Бюллетень сибирской медицины (Jul 2017)
The role of the microbiota components in modification of the immune response in some cases of chronic obstructive pulmonary disease
Abstract
Background. According to the World Health Organization, chronic obstructive pulmonary disease (COPD) is one of the leading causes of morbidity and mortality in the world. COPD with frequent exacerbations is a most challenging variant of the disease. Currently it is not clear how respiratory microbiota can modify the immune response in this disease.Aim. To establish the role of bacterial oligonucleotides in modification of the immune response in patients with COPD.Materials and мethods. In accordance with the protocol of the study, 10 patients with stable COPD with frequent exacerbations and 10 patients without frequent exacerbations were included. Immature dendritic cells were obtained by culturing the monocyte fraction of the peripheral blood of patients with COPD. The cells were stimulated by addition of bacterial lipopolysaccharide and small oligodeoxynucleotides (CpG-ODN) of A or B classes.

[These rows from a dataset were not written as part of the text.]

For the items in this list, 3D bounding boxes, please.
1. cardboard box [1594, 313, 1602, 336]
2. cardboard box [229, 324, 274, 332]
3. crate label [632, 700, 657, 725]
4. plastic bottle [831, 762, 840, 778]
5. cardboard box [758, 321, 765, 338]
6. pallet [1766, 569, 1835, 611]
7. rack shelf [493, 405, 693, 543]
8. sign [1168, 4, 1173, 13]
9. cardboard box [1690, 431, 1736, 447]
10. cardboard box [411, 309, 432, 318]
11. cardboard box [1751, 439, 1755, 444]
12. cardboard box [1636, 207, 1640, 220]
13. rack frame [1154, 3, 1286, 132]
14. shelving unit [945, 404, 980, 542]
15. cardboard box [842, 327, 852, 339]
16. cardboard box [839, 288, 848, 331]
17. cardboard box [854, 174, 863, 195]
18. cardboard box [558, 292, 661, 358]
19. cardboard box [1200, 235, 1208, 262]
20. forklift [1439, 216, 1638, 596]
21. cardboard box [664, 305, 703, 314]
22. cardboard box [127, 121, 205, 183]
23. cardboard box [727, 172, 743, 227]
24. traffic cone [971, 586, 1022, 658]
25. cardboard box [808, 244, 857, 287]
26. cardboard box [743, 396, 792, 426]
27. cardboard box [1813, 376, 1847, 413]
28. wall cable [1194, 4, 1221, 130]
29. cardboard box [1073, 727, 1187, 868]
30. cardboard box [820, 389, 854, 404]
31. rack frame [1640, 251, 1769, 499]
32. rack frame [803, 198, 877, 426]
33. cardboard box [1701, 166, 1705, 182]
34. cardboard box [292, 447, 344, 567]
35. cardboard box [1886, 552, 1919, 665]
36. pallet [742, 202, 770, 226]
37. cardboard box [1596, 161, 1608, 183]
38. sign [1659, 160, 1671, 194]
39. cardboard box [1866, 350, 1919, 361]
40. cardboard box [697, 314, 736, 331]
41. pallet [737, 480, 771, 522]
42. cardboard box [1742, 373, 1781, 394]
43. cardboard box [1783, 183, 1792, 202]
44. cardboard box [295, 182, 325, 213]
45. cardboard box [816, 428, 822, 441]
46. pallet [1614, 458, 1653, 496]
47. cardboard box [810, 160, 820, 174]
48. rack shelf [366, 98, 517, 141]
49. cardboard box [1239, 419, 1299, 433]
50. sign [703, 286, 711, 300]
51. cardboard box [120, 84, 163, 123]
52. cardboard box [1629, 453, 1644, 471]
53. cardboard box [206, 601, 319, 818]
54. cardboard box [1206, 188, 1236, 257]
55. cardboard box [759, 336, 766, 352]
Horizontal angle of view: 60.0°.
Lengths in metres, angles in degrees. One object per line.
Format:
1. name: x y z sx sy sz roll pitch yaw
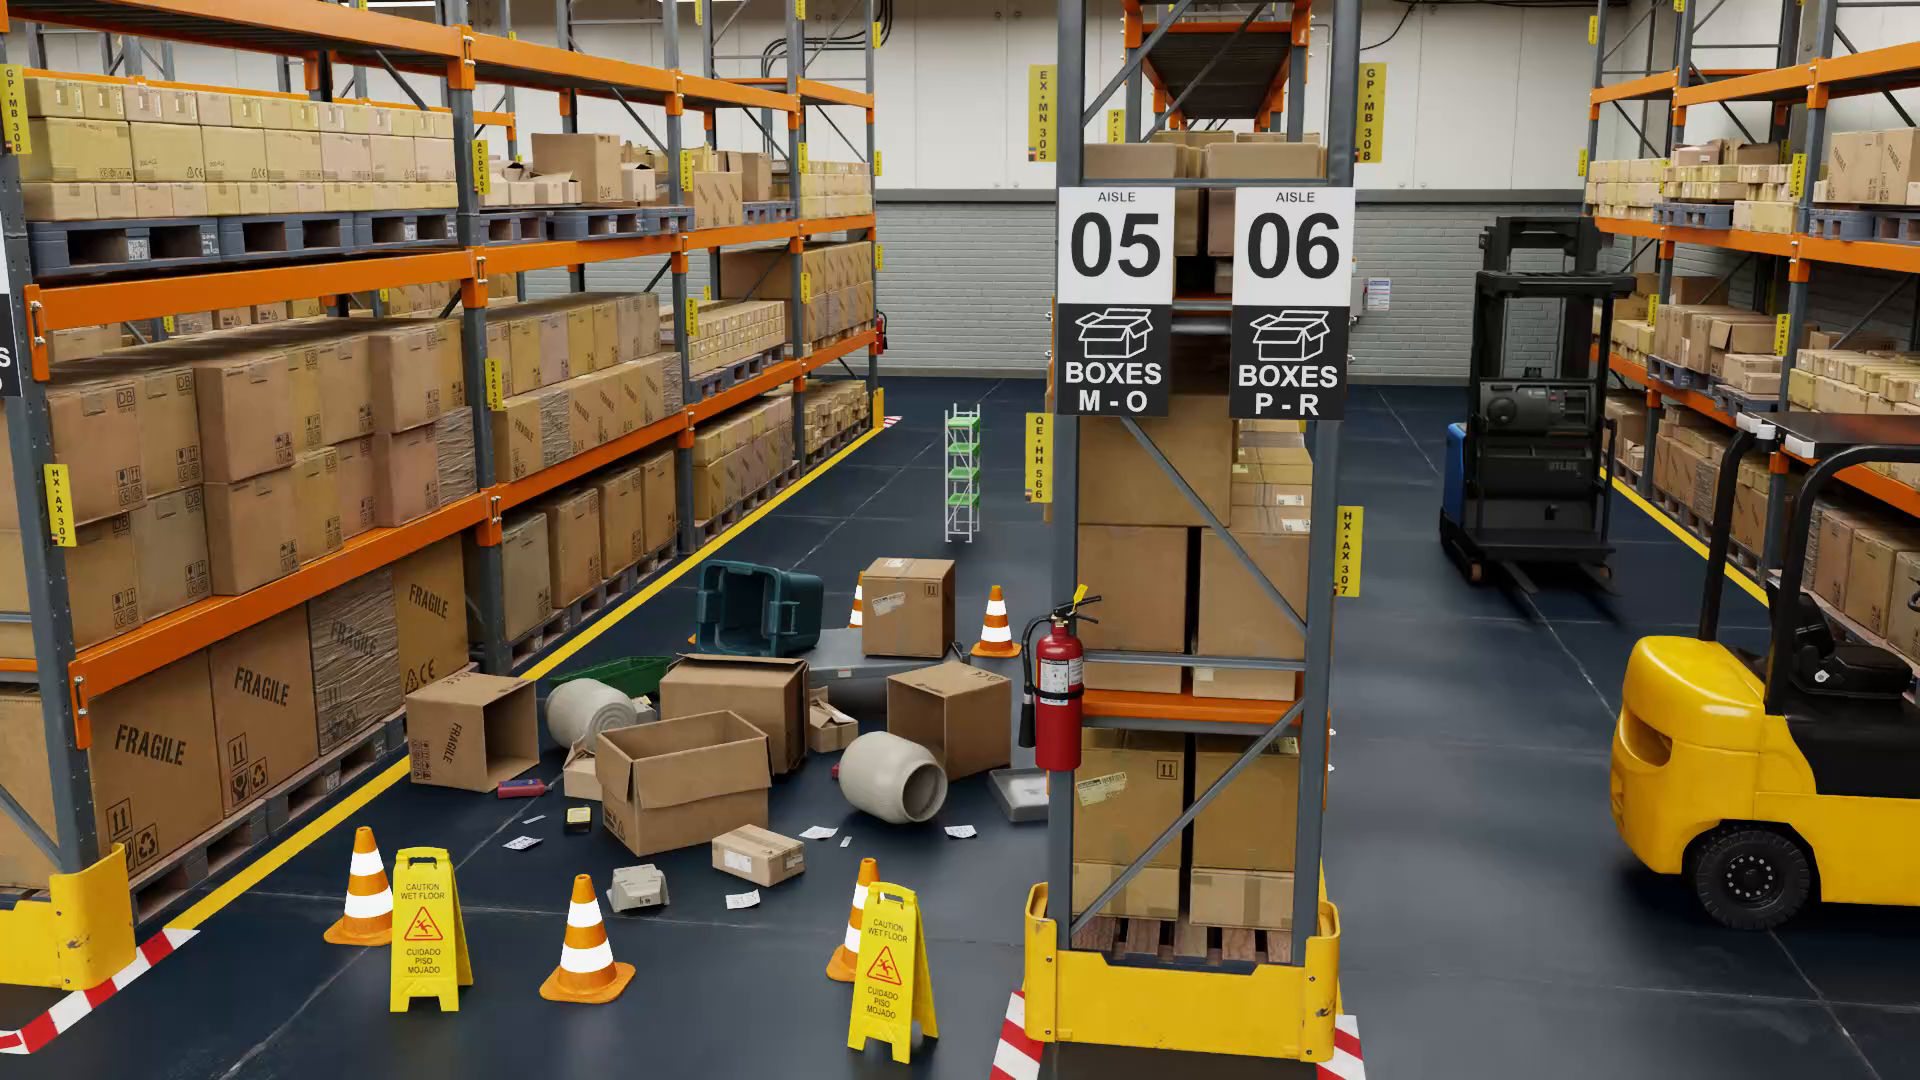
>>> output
1. cardboard box: 7.710 -2.500 19.380 0.500 0.250 0.500 2 12 8
2. cardboard box: -7.233 -1.895 16.688 0.500 0.500 0.500 2 12 8
3. crate label: -1.979 1.065 9.984 0.298 0.136 0.250 -7 14 -30
4. plastic bottle: -0.604 1.258 9.267 0.133 0.061 0.283 4 13 18
5. cardboard box: -2.213 -2.166 17.074 0.380 0.149 0.250 1 12 7
6. pallet: 6.803 0.474 12.548 1.003 0.211 1.213 2 12 9
7. rack shelf: -3.151 -0.590 12.576 1.077 0.370 4.000 2 12 9
8. sign: 2.133 -5.541 17.010 0.100 0.325 0.005 2 12 9
9. cardboard box: 7.242 -0.954 15.956 0.380 0.149 0.250 2 12 8
10. cardboard box: -6.702 -2.637 20.018 0.500 0.250 0.500 2 12 8
11. cardboard box: 7.639 -0.890 15.659 0.380 0.149 0.250 2 12 10
12. cardboard box: 7.550 -3.532 17.993 0.380 0.149 0.250 2 12 11
13. rack frame: 2.063 -4.152 13.154 1.000 3.000 0.127 2 12 9
14. shelving unit: 0.025 -0.621 15.283 0.258 1.200 0.503 2 12 9
15. cardboard box: -1.569 -2.613 20.850 0.380 0.149 0.250 1 12 6
16. cardboard box: -1.668 -2.800 20.177 0.500 0.500 0.500 3 12 11
17. cardboard box: -1.510 -4.450 20.830 0.500 0.250 0.500 2 12 7
18. cardboard box: -2.923 -1.803 13.884 0.700 0.500 0.500 2 12 8
19. cardboard box: 1.133 -1.565 8.868 0.380 0.149 0.250 2 12 9
20. forklift: 4.750 -1.131 13.541 1.130 2.935 3.031 1 12 7
21. cardboard box: -2.863 -2.334 17.146 0.380 0.149 0.250 2 12 8
22. cardboard box: -3.670 -1.683 7.237 0.500 0.250 0.500 2 12 8
23. cardboard box: -2.351 -3.192 15.585 0.500 0.500 0.500 2 12 9
24. traffic cone: 0.255 0.550 11.598 0.336 0.463 0.334 2 12 9
25. cardboard box: -1.587 -3.389 20.540 0.500 0.500 0.500 3 12 12
26. cardboard box: -2.093 -1.378 17.679 0.500 0.250 0.500 2 12 7
27. cardboard box: 6.580 -1.041 12.131 0.500 0.250 0.500 2 12 10
28. wall cable: 3.890 -7.010 26.418 0.463 3.000 0.029 2 12 9
29. cardboard box: 0.698 1.043 7.038 0.500 0.500 0.500 2 12 9
30. cardboard box: -1.543 -1.790 20.792 0.380 0.149 0.250 2 12 11
31. rack frame: 7.583 -1.892 16.907 1.000 3.000 0.127 2 12 9
32. rack frame: -1.614 -3.024 22.160 1.000 3.000 0.127 2 12 9
33. cardboard box: 7.057 -3.368 15.293 0.380 0.149 0.250 2 12 9
34. cardboard box: -3.748 -0.184 8.629 0.875 0.550 0.500 2 12 9
35. cardboard box: 6.549 0.459 10.639 0.875 0.625 0.625 2 12 8
36. pallet: -2.585 -3.224 16.417 1.213 0.211 1.003 2 12 9
37. cardboard box: 7.785 -4.317 19.507 0.500 0.250 0.500 2 12 8
38. sign: 7.046 -3.627 16.611 0.100 0.325 0.005 2 12 9
39. cardboard box: 7.118 -1.351 12.620 0.380 0.149 0.250 2 12 10
40. cardboard box: -2.381 -2.095 16.039 0.380 0.149 0.250 2 12 10
41. pallet: -2.532 -0.411 16.656 1.003 0.211 1.213 2 12 9
42. cardboard box: 6.690 -1.290 13.718 0.380 0.149 0.250 2 12 10
43. cardboard box: 6.844 -2.782 13.327 0.380 0.149 0.250 2 12 7
44. cardboard box: -3.433 -1.719 8.350 0.380 0.149 0.250 2 12 8
45. cardboard box: -1.838 -1.231 19.613 0.380 0.149 0.250 2 12 7
46. pallet: 7.690 -0.671 17.864 1.003 0.211 1.213 2 12 9
47. cardboard box: -1.802 -4.238 18.899 0.380 0.149 0.250 2 12 7
48. rack shelf: -6.806 -5.174 20.557 1.077 0.370 4.000 2 12 9
49. cardboard box: 1.553 -0.373 8.915 0.500 0.500 0.500 2 12 11
50. sign: -2.766 -2.630 18.279 0.100 0.325 0.005 2 12 9
51. cardboard box: -3.630 -1.845 7.040 0.380 0.149 0.250 2 12 8
52. cardboard box: 7.379 -0.829 17.745 0.380 0.149 0.250 2 12 7
53. cardboard box: -3.902 0.814 8.400 0.875 0.875 0.875 2 12 8
54. cardboard box: 1.173 -1.188 6.173 0.500 0.250 0.500 2 12 8
55. cardboard box: -2.213 -2.026 17.131 0.380 0.149 0.250 1 12 6

Then the immunophenotypical profile of the obtained cells was determined by flow-cytometry with the use of monoclonal antibodies to antigens CD40, CD83, CD86. To determine the antigen-presenting properties, these dendritic cells were cultivated with CD4+, and then the phenotypic profile of the obtained T-lymphocytes was evaluated by using antibodies to CD4, CD25, CD127, and CD45RO.Results. Cultivation of stimulated dendritic cells by СpG-ODN of A class with T-cells in COPD patients without exacerbations leads to an increase of the amount of lymphocytes of CD25+CD45RO phenotype (15% increase after stimulation), in contrast to the group of patients with frequent exacerbations of COPD (p = 0,018). It may indicate inadequate control of persistent inflammation, mediated by CD25+CD45RO pool of cells in the group of COPD patients with frequent exacerbations.Conclusion. This study demonstrated the presence of discoordination of the immune response of a bidirectional nature in patients with COPD with frequent and infrequent exacerbations.